L’appel interjeté par Alain Juppé, immédiatement après sa condamnation, a pour effet de suspendre l’application de cette décision jusqu’à l’arrêt de la cour d'appel. Le 1er décembre 2004, celle-ci réduit la condamnation à quatorze mois de prison avec sursis et un an d’inéligibilité.
La cour a commenté :« Il est regrettable qu’au moment où le législateur prenait conscience de la nécessité de mettre fin à des pratiques délictueuses qui existaient à l’occasion du financement des partis politiques, M. Juppé n’ait pas appliqué à son propre parti les règles qu’il avait votées au parlement.
Il est également regrettable que M. Juppé, dont les qualités intellectuelles sont unanimement reconnues, n’ait pas cru devoir assumer devant la justice l’ensemble de ses responsabilités pénales et ait maintenu la négation de faits avérés. Toutefois, M. Juppé s’est consacré pendant de nombreuses années au service de l’État, n’a tiré aucun enrichissement personnel de ces infractions commises au bénéfice de l’ensemble des membres de son parti, dont il ne doit pas être le bouc émissaire. »
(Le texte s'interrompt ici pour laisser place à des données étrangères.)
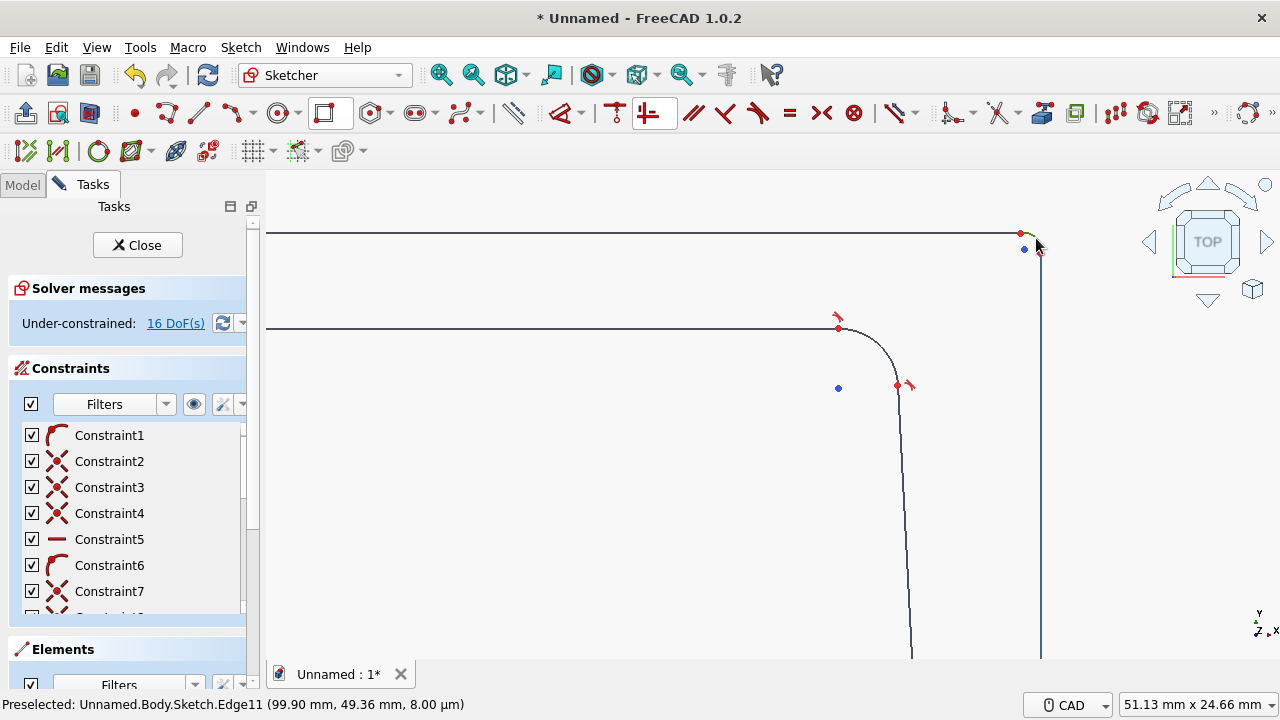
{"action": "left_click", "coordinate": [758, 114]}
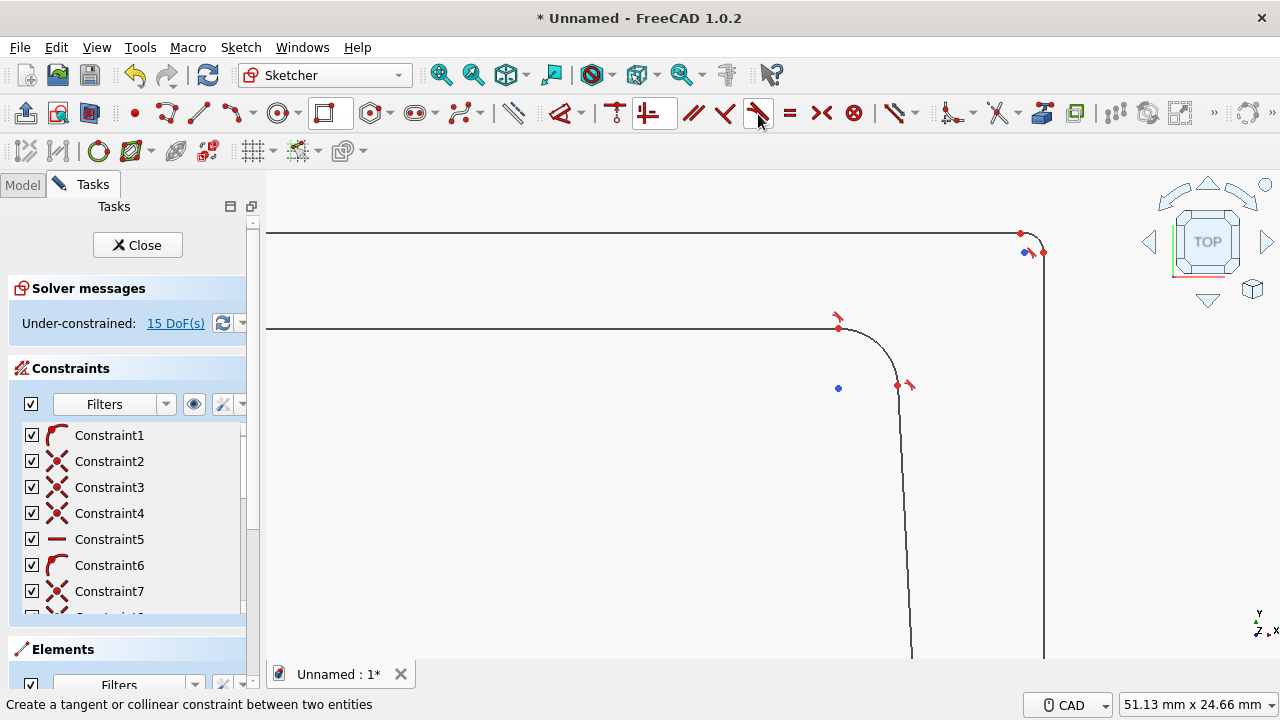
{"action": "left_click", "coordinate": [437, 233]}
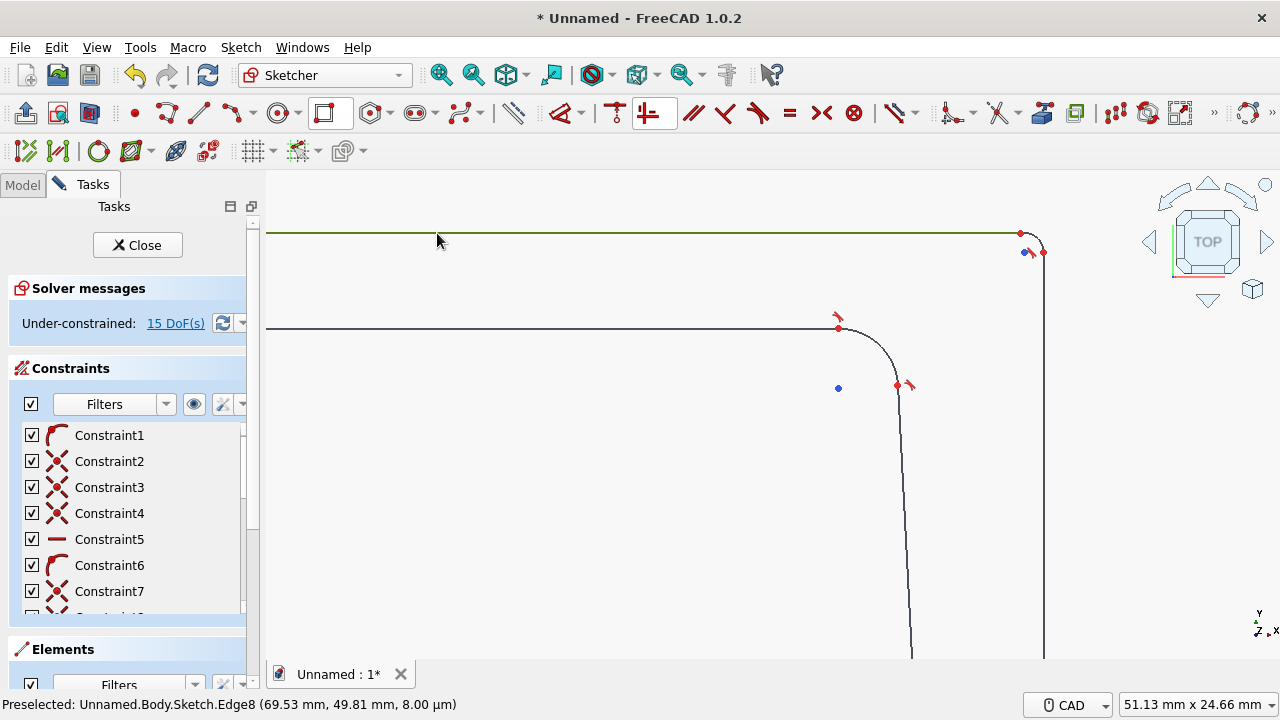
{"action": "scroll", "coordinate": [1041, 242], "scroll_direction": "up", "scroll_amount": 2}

- Il démissionne le lendemain de son dernier mandat, celui de maire de Bordeaux.
- Il s’exile 2 ans au Canada et revient reprendre sa place après avoir organisé une élection spécialement pour lui.
Le costume de chevalier blanc n'est il pas un peu trop large pour Alain Juppé, celui de comique troupier ne semblerait il pas plus à sa taille ?
* Copyright Jacques Chirac




Commentaires
Toujours selon wikipedia le terme "has-been"
Has-been (anglicisme signifiant littéralement « a été ») est un terme qui sert à qualifier quelqu'un ou quelque chose de désuet, obsolète, passé de mode ou ringard. L'expression est particulièrement employée pour désigner une célébrité ayant connu un réel succès dans le passé, mais qui est depuis tombée dans l'oubli ou a retrouvé l'anonymat.
Le has-been est prêt à tout pour revenir sous les feux de l’actualité.
Ca ne vous rapelle personne ?
Il est toujours bon de se rafraîchir la mémoire. Pour Gilles Savary (Conseiller général PS) " c'est par une volonté politique délibérée qu'Alain Juppé a installé, sur la base d'une délibération municipale illégale et déboutée à trois reprises devant les tribunaux, un groupe d'intégristes catholiques dans une église de Bordeaux. " ( Il s'agit de " "'église Saint-Eloi, où l'humoriste Dieudonné fit baptiser sa fille par l'abbé intégriste Laguérie.)